While “The Beetle” has these tense moments, there’s a bit of air let out of the central mystery now that we know who the Beast is. I was not on the edge of my seat waiting for Alma to be saved at the last minute. With all due respect to Catalina Sandino Moreno, who I’ve thoroughly enjoyed as Alma, this didn’t feel like the end for her. Just as Sonya realizes right before Hastings hits her car that something doesn’t make sense, that’s how I felt while Alma clutched the grenade. Maybe it was because I didn’t buy that a strong woman like Alma, one with the fortitude to kick her husband out of their shared home while she is pregnant, would feel the need to put her utter trust into a man she may think she knows, but whom she has only recently entered into a relationship with.

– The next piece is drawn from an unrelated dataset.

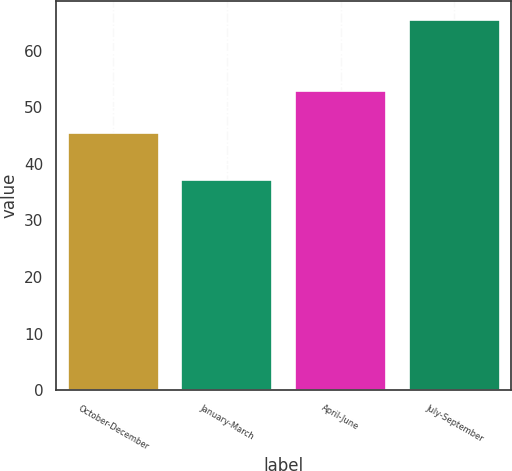Convert chart. <chart><loc_0><loc_0><loc_500><loc_500><bar_chart><fcel>October-December<fcel>January-March<fcel>April-June<fcel>July-September<nl><fcel>45.52<fcel>37.19<fcel>52.93<fcel>65.48<nl></chart> 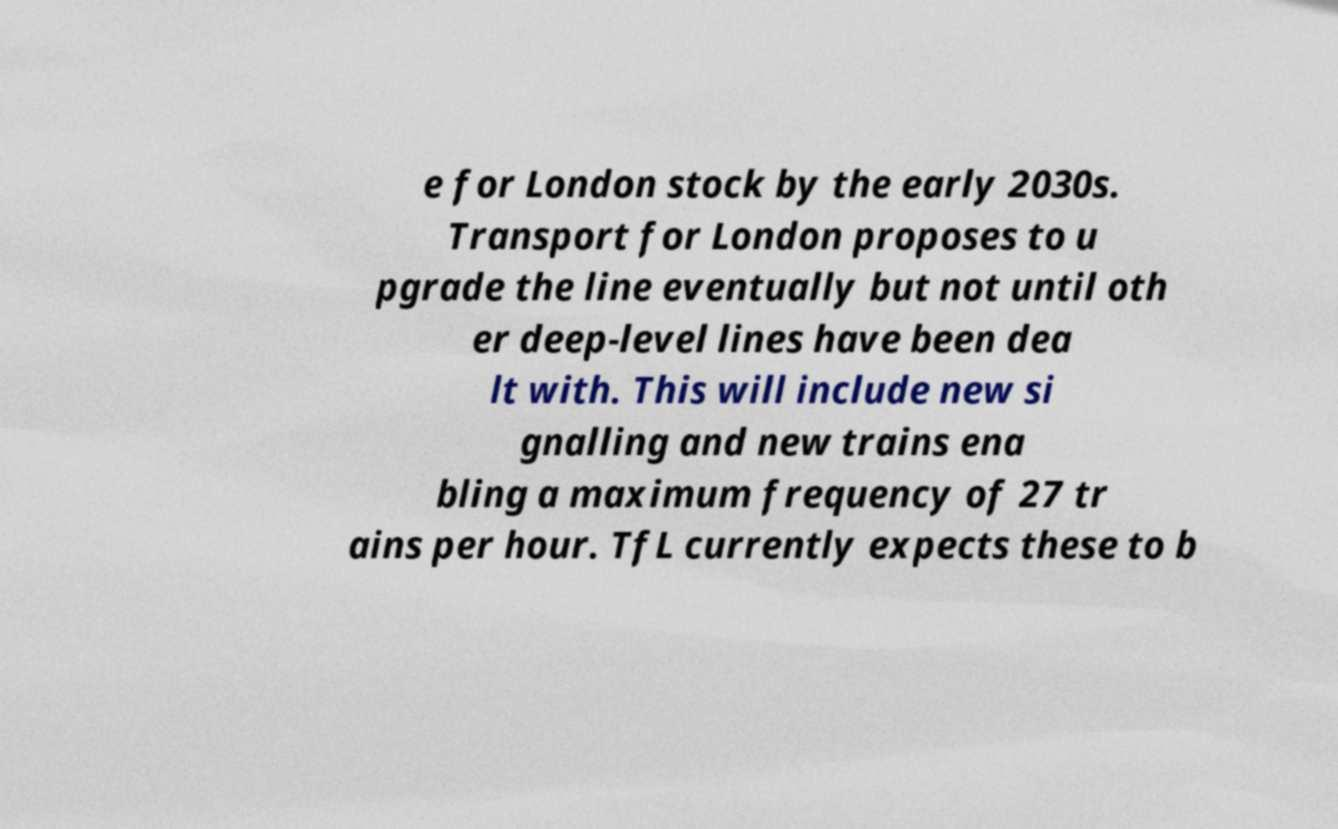I need the written content from this picture converted into text. Can you do that? e for London stock by the early 2030s. Transport for London proposes to u pgrade the line eventually but not until oth er deep-level lines have been dea lt with. This will include new si gnalling and new trains ena bling a maximum frequency of 27 tr ains per hour. TfL currently expects these to b

The Linder and Charlotte Millwright plots feel more out of step with the main story than usual. But they too, have their own dualities to contend with. Each character deals with choice in the death of their antagonist. “I had no choice,” both Cesar and Linder say about their respective kills. They had to do it. The same could be said for Charlotte. In her view, she had to kill Graciela in order to save Cesar. Linder’s ranch-dwelling friend agrees. Sometimes bad men deserve to die. I never considered the parallels between Linder and Charlotte until this episode, although their class and life stations make them diametric opposites, much like Sonya and Marco. I always thought of their “Other” as their Mexican counterparts: Graciela for Charlotte and Fausto for Linder. But Linder and Charlotte’s parallels are growing, and since the bigger mystery has largely been solved, I’m interested to see how this one unravels. “Not everything is black and white,” Marco tells Sonya when she tries to figure out why he committed adultery with Hastings’ wife. But Charlotte, Cesar, and Linder see their decisions in a starker light.

Stray observations:

  • I miss Daniel Frye and Adriana. Like Linder and Charlotte, I look forward to seeing them wrapped back up into the plot. Cesar knows a lot about covering up murder.
  • I’m interested to see what commenters have to say about Sonya questioning Marco about what it’s like to sleep in the same bed with the same person every night. I know there were complaints when Sonya would act as if she had never had any socialization before, but that quality had been tamped down as of late. (This is a resurgence of the “Hey, guys! Over here! This character is on the spectrum!” shouting that I know you guys were not such fans of.)
  • “Let’s discuss this over a ham salad… After my first kill, I couldn’t get enough cheeseburgers.” Who the hell is this guy and can we have a show about him?